Nuestra economía también está enferma. Se han planteado aperturas necesarias, pero se han incluido otras innecesarias y además de alto riesgo. Complacer a las cámaras empresariales está siendo pagado a un precio muy alto, porque la recuperación de empresas y comercios es bastante mediocre, y la cantidad de muertos y contagios, así fuera mínima, siempre será demasiado alta; el fiel ético de la balanza nos es infiel. Entiendo los motivos de los empresarios y las autoridades, es su rutina, su normalidad, y se aferran a ella sin importar la hecatombe social.
Ofrecen medidas preventivas patéticas, siempre insuficientes. Evitan aprovechar este momento para replantear sus métodos de producción y comercio. Algo que es inaplazable y será indispensable durante mucho tiempo y, tal vez, para siempre.

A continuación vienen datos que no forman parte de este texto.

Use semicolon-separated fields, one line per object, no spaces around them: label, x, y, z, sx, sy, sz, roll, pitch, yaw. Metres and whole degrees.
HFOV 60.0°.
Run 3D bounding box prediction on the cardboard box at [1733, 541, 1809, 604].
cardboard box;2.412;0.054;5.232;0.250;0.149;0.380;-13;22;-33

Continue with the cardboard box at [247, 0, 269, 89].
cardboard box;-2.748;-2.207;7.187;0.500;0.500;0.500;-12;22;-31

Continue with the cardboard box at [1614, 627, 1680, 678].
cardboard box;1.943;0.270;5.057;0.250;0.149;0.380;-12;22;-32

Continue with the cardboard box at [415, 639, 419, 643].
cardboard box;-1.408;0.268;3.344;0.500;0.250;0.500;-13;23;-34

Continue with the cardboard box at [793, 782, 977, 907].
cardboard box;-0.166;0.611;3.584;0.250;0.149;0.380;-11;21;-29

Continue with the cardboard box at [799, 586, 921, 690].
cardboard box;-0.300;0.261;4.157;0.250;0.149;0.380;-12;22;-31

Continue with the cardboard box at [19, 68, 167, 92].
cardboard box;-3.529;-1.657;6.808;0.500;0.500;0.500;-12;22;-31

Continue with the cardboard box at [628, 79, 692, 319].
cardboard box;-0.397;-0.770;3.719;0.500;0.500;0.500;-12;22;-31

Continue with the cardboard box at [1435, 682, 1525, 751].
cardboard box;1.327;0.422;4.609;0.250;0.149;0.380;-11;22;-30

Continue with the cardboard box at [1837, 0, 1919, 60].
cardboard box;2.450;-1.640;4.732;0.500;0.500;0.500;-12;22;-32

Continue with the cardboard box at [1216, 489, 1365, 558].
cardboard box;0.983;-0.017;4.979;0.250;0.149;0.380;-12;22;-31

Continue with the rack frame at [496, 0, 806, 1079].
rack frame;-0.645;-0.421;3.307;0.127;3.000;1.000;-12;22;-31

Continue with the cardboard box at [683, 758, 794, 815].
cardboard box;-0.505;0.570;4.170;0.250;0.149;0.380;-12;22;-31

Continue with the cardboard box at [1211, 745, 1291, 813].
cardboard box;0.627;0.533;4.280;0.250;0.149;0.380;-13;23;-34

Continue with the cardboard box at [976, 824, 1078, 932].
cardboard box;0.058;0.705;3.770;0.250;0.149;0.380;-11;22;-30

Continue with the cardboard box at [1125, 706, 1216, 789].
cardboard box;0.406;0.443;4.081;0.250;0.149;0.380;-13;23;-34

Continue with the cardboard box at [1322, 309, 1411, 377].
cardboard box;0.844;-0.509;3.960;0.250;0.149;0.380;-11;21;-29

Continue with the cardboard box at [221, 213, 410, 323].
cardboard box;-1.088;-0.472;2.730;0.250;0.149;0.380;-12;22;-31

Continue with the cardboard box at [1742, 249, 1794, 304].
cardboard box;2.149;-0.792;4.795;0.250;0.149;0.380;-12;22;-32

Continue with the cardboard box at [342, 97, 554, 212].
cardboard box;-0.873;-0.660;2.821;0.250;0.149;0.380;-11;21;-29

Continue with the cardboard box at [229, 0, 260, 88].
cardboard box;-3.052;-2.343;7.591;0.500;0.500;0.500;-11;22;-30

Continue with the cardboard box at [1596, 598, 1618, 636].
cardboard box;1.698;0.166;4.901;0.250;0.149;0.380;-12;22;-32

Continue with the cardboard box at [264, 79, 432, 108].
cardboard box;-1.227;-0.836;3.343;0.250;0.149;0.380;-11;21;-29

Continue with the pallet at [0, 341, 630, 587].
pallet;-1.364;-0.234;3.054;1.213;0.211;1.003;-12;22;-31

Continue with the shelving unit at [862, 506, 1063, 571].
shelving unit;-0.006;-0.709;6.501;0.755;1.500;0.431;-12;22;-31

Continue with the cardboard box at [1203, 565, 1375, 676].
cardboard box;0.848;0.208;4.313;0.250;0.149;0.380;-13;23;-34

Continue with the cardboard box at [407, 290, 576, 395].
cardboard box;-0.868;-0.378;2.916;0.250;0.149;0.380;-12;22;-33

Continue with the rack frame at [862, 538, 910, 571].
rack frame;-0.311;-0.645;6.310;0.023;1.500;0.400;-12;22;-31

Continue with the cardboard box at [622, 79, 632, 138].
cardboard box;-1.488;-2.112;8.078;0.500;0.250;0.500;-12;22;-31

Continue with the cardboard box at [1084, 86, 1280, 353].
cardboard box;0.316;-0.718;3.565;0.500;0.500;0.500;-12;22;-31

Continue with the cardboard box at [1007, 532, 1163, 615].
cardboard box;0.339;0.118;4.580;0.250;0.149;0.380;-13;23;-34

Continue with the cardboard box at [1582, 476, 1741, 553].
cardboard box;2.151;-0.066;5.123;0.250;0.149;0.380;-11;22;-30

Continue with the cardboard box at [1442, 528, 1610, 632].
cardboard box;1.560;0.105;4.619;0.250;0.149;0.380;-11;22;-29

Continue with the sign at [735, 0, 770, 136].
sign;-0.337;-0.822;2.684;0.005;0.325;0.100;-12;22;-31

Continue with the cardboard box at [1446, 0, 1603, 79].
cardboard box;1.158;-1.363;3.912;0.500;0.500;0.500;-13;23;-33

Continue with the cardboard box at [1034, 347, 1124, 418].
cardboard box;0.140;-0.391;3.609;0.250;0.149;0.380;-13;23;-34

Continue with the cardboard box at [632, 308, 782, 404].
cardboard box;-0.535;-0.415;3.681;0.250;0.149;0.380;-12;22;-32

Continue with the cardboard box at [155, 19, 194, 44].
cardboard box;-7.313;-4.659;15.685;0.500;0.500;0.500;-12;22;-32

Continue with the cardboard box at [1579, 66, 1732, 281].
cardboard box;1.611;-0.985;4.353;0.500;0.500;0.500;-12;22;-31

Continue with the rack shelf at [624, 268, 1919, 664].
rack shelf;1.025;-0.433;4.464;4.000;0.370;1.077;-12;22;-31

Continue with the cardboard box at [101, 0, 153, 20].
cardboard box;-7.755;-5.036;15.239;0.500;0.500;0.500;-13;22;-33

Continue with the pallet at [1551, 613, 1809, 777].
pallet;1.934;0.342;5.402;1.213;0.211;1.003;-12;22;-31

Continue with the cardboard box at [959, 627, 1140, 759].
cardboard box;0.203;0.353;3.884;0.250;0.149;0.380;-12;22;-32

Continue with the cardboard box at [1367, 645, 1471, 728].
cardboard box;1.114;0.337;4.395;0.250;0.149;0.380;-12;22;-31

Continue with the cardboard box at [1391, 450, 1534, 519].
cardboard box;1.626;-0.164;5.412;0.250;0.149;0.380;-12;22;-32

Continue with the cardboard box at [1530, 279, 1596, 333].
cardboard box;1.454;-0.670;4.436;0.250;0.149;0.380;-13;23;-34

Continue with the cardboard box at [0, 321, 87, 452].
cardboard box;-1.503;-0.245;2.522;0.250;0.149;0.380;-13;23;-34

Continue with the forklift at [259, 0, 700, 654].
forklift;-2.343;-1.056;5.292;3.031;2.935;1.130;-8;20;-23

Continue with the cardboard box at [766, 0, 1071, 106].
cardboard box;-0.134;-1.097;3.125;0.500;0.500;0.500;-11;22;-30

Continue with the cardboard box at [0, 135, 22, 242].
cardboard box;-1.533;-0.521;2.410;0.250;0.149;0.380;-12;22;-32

Así como el paro en empresas y comercios ha sido desaprovechado, el confinamiento social también. Sin replantearnos nuestras rutinas, nuestras casas no son un búnker contra la enfermedad sino un frágil castillo de naipes. Hemos tenido mucho tiempo para comprender y modificar esas rutinas. Mucho tiempo para entender cómo interactuamos con los miembros de nuestras familias y con quienes existen extramuros. Pero ni siquiera lo hemos intentado. Hemos mordido la carnada de las reaperturas dando más valor a nuestras actividades fuera de casa. La mayoría de esas acciones sólo son faroles relevantes para el estatus, completamente inútiles para apretar los puntos de sutura en nuestras heridas sociales. Nuestra soledad confinada pudo ser casi un retiro espiritual, pero lo hemos interpretado como una cárcel de la que siempre estamos planeando fugarnos. Nos angustia tanto estar con nosotros mismos.
Así estamos aquí, y parece que aquí seguiremos, culpando al gobierno de nuestra desgracia y el gobierno culpándonos a nosotros. El botín será de otros, que por ambiciones políticas o económicas (que son lo mismo) han incrementado la confusión e incendiado los ánimos. Monarcas tuertos en un diezmado reino de ciegos que ellos mismos han cegado.
No hay mucho qué hacer en lo colectivo, así que procuremos hacerlo en lo individual. Si pueden, disfruten vuestras proverbiales lluvias asturianas. Inténtenlo al menos. En el húmedo gris siempre está latente un arcoíris. Cuidaos, amiga, amigo. Uno a la otra, y ambos a todos.
Admiren el paisaje rural hasta que comprendan que la belleza no está en el paisaje sino en los ojos que lo ven (vuestro gato lo sabe). Yo trataré de hacer lo mismo en medio de este campo de tejados estériles.